Too bad you aren’t here now, or sometime in the next ten days, for Edwin O’Connor, author of The Last Hurrah, is in town, and you could interview him. He has some good stories about Boston. One: Abp Cushing is showing ex — Lord Mayor Briscoe through a seminary and throws open a door to an auditorium where the seminarians are all assembled. “There they are,” he says, “five hundred of the best anti-Semites you ever saw.” Asked later what Briscoe said, the Abp said, “He took it very well.”
Write, giving time of arrival. Until then, all best.
Jim
DON AND MARY HUMPHREY
April 29, 1958
Dear Don and Mary,
We were so glad to hear from you, and the fact that there has been a slight time lag since then doesn’t mean a thing — except that we think it better that some of the delay be on our side. You would gladden our lives, however, if you replied at once. I don’t have your letter at the office — where things are humming as usual — but I do remember that you, Mary, were busy with your sewing and that Don was busy with his haw-hawing. […]

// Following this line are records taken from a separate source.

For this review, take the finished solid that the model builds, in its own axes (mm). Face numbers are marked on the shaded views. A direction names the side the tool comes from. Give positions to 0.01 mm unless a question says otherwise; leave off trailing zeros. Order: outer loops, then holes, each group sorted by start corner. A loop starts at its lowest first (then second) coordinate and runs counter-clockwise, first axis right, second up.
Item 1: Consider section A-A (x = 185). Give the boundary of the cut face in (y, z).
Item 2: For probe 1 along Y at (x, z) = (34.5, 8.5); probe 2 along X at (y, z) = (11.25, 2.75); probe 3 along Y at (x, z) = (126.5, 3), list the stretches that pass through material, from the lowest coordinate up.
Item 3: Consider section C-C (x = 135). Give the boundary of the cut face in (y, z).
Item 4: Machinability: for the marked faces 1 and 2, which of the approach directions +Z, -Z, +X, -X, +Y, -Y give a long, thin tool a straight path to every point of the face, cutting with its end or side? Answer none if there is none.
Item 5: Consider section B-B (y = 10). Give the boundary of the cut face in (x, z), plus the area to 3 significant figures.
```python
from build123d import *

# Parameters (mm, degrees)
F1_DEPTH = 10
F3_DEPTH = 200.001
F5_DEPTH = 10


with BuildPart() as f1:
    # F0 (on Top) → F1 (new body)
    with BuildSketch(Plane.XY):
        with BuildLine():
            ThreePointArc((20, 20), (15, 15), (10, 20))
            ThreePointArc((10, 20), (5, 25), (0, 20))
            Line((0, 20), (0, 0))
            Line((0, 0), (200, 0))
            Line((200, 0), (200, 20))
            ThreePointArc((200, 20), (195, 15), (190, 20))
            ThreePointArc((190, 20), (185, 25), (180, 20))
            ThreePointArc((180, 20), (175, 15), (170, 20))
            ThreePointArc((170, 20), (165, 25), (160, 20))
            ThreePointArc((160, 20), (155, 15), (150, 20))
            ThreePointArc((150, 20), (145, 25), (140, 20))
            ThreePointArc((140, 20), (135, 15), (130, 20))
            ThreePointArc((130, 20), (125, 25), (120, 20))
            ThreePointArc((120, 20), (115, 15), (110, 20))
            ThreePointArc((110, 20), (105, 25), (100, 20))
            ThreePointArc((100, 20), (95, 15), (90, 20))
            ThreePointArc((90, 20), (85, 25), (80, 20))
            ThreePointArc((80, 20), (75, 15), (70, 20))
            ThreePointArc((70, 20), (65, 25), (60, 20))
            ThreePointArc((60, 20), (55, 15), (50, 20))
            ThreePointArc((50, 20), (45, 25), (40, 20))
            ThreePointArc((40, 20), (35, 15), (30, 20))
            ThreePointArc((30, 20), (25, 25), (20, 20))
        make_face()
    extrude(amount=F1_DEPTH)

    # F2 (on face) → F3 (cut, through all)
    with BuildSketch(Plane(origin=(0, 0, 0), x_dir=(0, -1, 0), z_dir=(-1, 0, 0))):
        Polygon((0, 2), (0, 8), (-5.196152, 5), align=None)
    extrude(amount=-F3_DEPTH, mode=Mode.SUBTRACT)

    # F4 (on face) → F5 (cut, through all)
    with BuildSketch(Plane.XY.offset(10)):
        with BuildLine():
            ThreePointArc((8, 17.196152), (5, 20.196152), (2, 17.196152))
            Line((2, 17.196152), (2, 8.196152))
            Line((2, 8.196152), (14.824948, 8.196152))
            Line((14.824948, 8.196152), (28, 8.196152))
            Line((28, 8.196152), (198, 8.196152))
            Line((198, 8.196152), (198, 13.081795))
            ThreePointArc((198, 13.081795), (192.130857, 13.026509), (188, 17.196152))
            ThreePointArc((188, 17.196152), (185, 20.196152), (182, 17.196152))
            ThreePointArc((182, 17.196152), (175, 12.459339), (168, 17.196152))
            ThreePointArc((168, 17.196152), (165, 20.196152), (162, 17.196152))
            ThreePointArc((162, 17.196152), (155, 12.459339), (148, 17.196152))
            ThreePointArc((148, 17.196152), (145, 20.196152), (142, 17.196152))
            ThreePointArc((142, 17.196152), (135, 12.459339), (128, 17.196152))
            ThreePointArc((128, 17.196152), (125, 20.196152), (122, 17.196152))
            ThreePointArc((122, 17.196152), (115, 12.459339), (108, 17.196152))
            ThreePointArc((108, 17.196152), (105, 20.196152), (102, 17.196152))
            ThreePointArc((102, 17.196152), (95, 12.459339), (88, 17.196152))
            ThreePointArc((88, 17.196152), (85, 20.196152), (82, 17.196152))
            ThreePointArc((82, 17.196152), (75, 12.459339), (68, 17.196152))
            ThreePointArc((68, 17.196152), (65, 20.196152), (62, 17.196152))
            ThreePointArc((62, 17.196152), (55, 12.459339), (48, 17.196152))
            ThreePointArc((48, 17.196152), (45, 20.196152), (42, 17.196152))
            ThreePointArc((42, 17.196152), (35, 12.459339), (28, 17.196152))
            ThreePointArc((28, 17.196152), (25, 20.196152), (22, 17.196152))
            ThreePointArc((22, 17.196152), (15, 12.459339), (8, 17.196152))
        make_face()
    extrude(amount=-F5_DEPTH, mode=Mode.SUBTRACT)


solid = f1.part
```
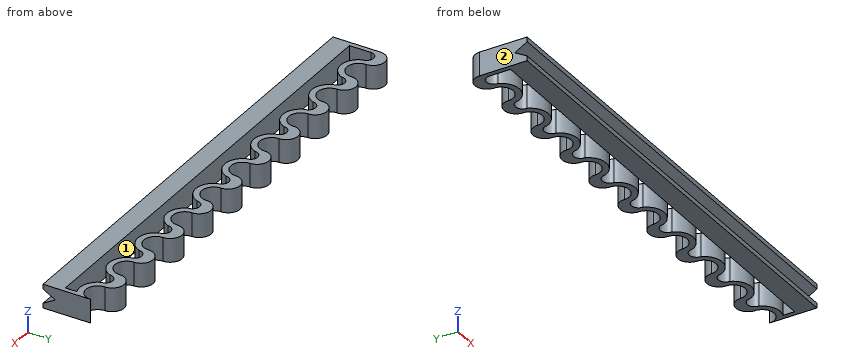
Resolved:
1. outline: (0, 0) - (8.2, 0) - (8.2, 10) - (0, 10) - (0, 8) - (5.2, 5) - (0, 2) - close; (20.2, 0) - (25, 0) - (25, 10) - (20.2, 10) - close
2. probe 1: y = 0 to 8.2, 12.48 to 15.03
2. probe 2: x = 0 to 2, 198 to 200
2. probe 3: y = 1.73 to 8.2, 19.79 to 24.77
3. outline: (0, 0) - (8.2, 0) - (8.2, 10) - (0, 10) - (0, 8) - (5.2, 5) - (0, 2) - close; (12.46, 0) - (15, 0) - (15, 10) - (12.46, 10) - close
4. face 1: +Z, -Z
4. face 2: +Z, -Z, -X, +Y, -Y
5. outline: (0, 0) - (2, 0) - (2, 10) - (0, 10) - close; (198, 0) - (200, 0) - (200, 10) - (198, 10) - close
5. area: 40.0 mm2
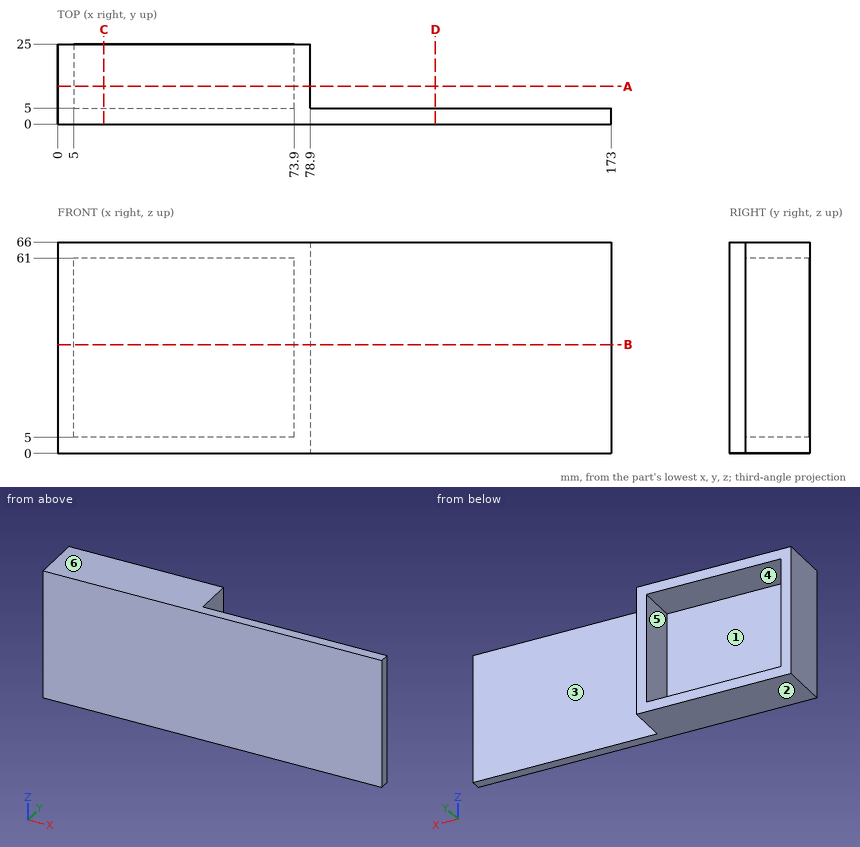
Verification items for this drawing (mm, ordinates from the low corner). A direction names the side the tool comes from. Round coordinates to 2 decimals unless told otherwise and drop trailing zeros. Loops run counter-clockwise (first coordinate to the right, second up) from the corner with the lowest first, then second, coordinate; pieces in that order, holes last. Notation, with made-up numbers: M 69.5,16 L 95.5,16 A18 cw 95.5,37 Z; hole C -9,-13.75 d6. An arc over 180 degrees is marked long. Answer as a JSON object with one key per item and string values.
1. Section check A-A (y = 11.75). Record the boundary of the cut face in (x, z), plus the area to 3 significant figures.
Reply:
{"outline": "M 0,0 L 78.9,0 L 78.9,66 L 0,66 Z; hole M 5,5 L 73.9,5 L 73.9,61 L 5,61 Z", "area": "1,350 mm²"}
2. Section check C-C (x = 14.5). Record the boundary of the cut face in (y, z).
Reply:
{"outline": "M 0,0 L 25,0 L 25,5 L 5,5 L 5,61 L 25,61 L 25,66 L 0,66 Z"}
3. Section check B-B (z = 34). Record the boundary of the cut face in (x, y), plus the area to 4 significant figures.
Reply:
{"outline": "M 0,0 L 173,0 L 173,5 L 78.9,5 L 78.9,25 L 73.9,25 L 73.9,5 L 5,5 L 5,25 L 0,25 Z", "area": "1,065 mm²"}
4. Mould release check, pull along Z, two halves, no side actions. Record for the marked faces 3, 4, 5 and 6: pulls with the +Z half, pulls with the -Z half, needs draft (parallel to the pull), parting line crosses it, or undercut.
Reply:
{"face 3": "needs draft", "face 4": "undercut", "face 5": "undercut", "face 6": "pulls with the +Z half"}
5. Gauge pin test, flat ends, axial feed: P1, Ø10, axis at x = 60, z = 39, coming from the -Y side; P2, Ø4, axis at x = 42, z = 28, coming from the +Y side; P3, Ø6, axis at y = 17.5, z = 40.5, coming from the +X side. Record the tip position at first contact, or that the pin passes through.
Reply:
{"P1": "stops at y = 0", "P2": "stops at y = 5", "P3": "stops at x = 78.9"}
6. Scan lines: line 1 (Z direction, x = 37.5, y = 17.25); line 2 (X direction, y = 12.5, z = 36); line 3 (Y direction, x = 37, z = 56). Record each from-to range of solid material in increasing order.
Reply:
{"line 1": "z = 0 to 5, 61 to 66", "line 2": "x = 0 to 5, 73.9 to 78.9", "line 3": "y = 0 to 5"}
7. Access from +Z, -Z, +X, -X, +Y, -Y to the whole of each face (thin tool, end or side, straight path). Record for the marked faces 1 and 2.
Reply:
{"face 1": "+Y", "face 2": "-Z, +X, -X, +Y, -Y"}
8. Section check D-D (x = 118). Record the boundary of the cut face in (y, z).
Reply:
{"outline": "M 0,0 L 5,0 L 5,66 L 0,66 Z"}
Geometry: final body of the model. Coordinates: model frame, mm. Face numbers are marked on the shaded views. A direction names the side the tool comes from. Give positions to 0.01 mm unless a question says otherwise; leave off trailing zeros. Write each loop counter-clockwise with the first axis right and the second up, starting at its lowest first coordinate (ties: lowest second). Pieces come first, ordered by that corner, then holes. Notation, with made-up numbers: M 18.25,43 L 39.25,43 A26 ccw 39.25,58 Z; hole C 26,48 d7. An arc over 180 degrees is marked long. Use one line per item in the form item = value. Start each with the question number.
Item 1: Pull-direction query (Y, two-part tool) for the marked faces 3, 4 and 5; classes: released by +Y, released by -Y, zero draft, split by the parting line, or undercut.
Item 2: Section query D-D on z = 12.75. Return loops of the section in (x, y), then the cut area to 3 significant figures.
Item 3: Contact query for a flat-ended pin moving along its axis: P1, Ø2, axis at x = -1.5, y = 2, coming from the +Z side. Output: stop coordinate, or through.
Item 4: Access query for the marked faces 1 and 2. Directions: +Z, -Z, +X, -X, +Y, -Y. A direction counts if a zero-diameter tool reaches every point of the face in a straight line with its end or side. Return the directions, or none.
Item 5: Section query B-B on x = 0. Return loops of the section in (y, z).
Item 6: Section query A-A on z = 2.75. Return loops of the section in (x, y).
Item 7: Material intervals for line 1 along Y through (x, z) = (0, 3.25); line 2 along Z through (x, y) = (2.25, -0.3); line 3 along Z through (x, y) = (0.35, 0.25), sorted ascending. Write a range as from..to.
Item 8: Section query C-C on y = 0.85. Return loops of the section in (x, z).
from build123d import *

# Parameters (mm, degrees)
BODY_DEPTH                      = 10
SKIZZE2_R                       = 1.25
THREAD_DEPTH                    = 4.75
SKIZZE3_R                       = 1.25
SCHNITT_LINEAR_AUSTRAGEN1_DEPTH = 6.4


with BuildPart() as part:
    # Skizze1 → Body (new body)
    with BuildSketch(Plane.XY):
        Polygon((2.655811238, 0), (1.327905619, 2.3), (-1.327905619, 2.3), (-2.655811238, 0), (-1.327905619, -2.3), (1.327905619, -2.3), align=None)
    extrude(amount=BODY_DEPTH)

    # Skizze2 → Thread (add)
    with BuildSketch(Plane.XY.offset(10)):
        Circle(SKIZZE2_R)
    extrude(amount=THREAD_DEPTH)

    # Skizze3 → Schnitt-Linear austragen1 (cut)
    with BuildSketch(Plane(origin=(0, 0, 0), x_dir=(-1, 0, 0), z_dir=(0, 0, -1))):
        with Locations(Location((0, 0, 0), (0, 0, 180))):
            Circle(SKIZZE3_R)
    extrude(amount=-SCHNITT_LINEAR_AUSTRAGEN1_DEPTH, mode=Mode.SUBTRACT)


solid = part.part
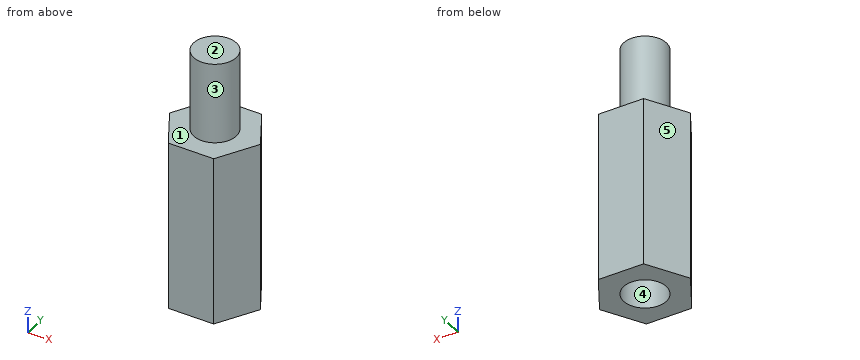
Answer sheet:
q1.face_3 = split by the parting line
q1.face_4 = undercut
q1.face_5 = released by +Y
q2.outline = C 0,0 d2.5
q2.area = 4.91 mm2
q3.P1 = 10
q4.face_1 = +Z
q4.face_2 = +Z, +X, -X, +Y, -Y
q5.outline = M -2.3,0 L -1.25,0 L -1.25,6.4 L 1.25,6.4 L 1.25,0 L 2.3,0 L 2.3,10 L 1.25,10 L 1.25,14.75 L -1.25,14.75 L -1.25,10 L -2.3,10 Z
q6.outline = M -2.66,0 L -1.33,-2.3 L 1.33,-2.3 L 2.66,0 L 1.33,2.3 L -1.33,2.3 Z; hole C 0,0 d2.5
q7.line_1 = -2.3..-1.25, 1.25..2.3
q7.line_2 = 0..10
q7.line_3 = 6.4..14.75
q8.outline = M -2.17,0 L -0.92,0 L -0.92,6.4 L 0.92,6.4 L 0.92,0 L 2.17,0 L 2.17,10 L 0.92,10 L 0.92,14.75 L -0.92,14.75 L -0.92,10 L -2.17,10 Z

Very odd that you haven’t had the pleasure of [the Hyneses’] company. I fear, too, that with the approaching warm weather they may seek to make amends by throwing one of their famous picnics in a public park. And what of the Doyle? He hasn’t written to us, I think, in all the time we’ve been at our present address. Something I said, I suppose, without having a clue as to what. We spend less time than we did in imagining what you are all doing. This was a regular part of our life until recently. “Are they at Hyneses’ tonight,” I’d say to Betty. Or “I think Fred called, and they’re going over there tonight. Don had to stop for cigarettes.” Or “Hyneses came by, but Don wasn’t there, and Mary had retired.” We just don’t get enough information to engage our imaginations these days.
Last year, about this time, it became clear that we were going to have to move, and I saw that the two, possibly three, years of economic security were not to be. And now, again, I am facing up to the same situation — the necessity to make some big money. It doesn’t seem to be in the cards that we’ll ever enjoy the small fruits of our labors. This, I’d say if it were happening to anyone else, and they were able to survive each crisis, as we’ve been able to do so far, would be a good thing, a device to prevent one from getting into a rut. But this too can be a rut. I think now I’d have been wise to stay on somehow in St Cloud and finish my novel in the office there — there would’ve been no change there. I have wasted months getting set up again, physically and mentally, and now that I have, I see it’s not to be for very long, that it’s starting up all over again. And this time, there isn’t the objective there was, the feeling that if we could just get to Ireland, everything would be all right. The feeling now is that everything will not be all right, whatever we do, that hardly anything will be all right. Not a good spirit in which to advance toward the future.